#### What the exercise asks
With the images removed, write out each record exactly as given.

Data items

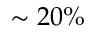Convert formula to latex. <formula><loc_0><loc_0><loc_500><loc_500>\sim 2 0 \%</formula> 
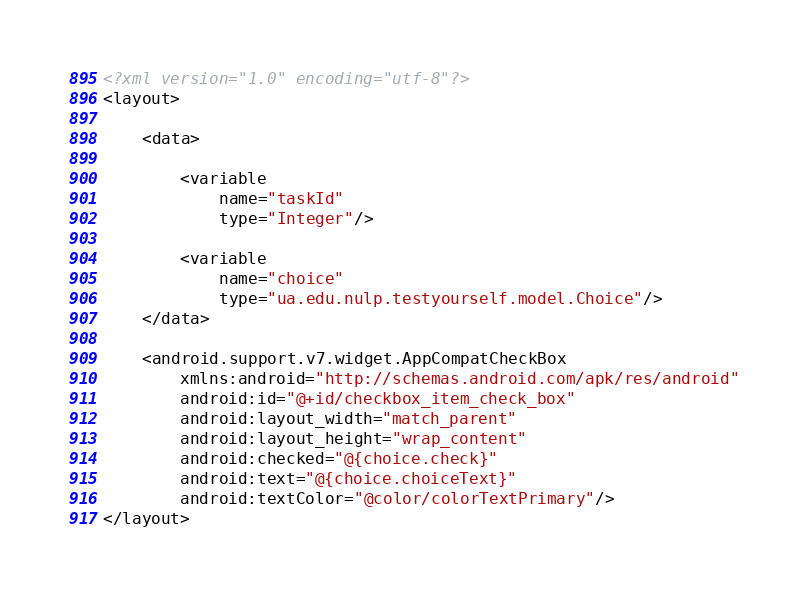<code> <loc_0><loc_0><loc_500><loc_500><_XML_><?xml version="1.0" encoding="utf-8"?>
<layout>

    <data>

        <variable
            name="taskId"
            type="Integer"/>

        <variable
            name="choice"
            type="ua.edu.nulp.testyourself.model.Choice"/>
    </data>

    <android.support.v7.widget.AppCompatCheckBox
        xmlns:android="http://schemas.android.com/apk/res/android"
        android:id="@+id/checkbox_item_check_box"
        android:layout_width="match_parent"
        android:layout_height="wrap_content"
        android:checked="@{choice.check}"
        android:text="@{choice.choiceText}"
        android:textColor="@color/colorTextPrimary"/>
</layout></code>

#### Exercise result
Convert formula to latex. <formula><loc_0><loc_0><loc_500><loc_500>\sim 2 0 \%</formula> 
<code> <loc_0><loc_0><loc_500><loc_500><_XML_><?xml version="1.0" encoding="utf-8"?>
<layout>

    <data>

        <variable
            name="taskId"
            type="Integer"/>

        <variable
            name="choice"
            type="ua.edu.nulp.testyourself.model.Choice"/>
    </data>

    <android.support.v7.widget.AppCompatCheckBox
        xmlns:android="http://schemas.android.com/apk/res/android"
        android:id="@+id/checkbox_item_check_box"
        android:layout_width="match_parent"
        android:layout_height="wrap_content"
        android:checked="@{choice.check}"
        android:text="@{choice.choiceText}"
        android:textColor="@color/colorTextPrimary"/>
</layout></code>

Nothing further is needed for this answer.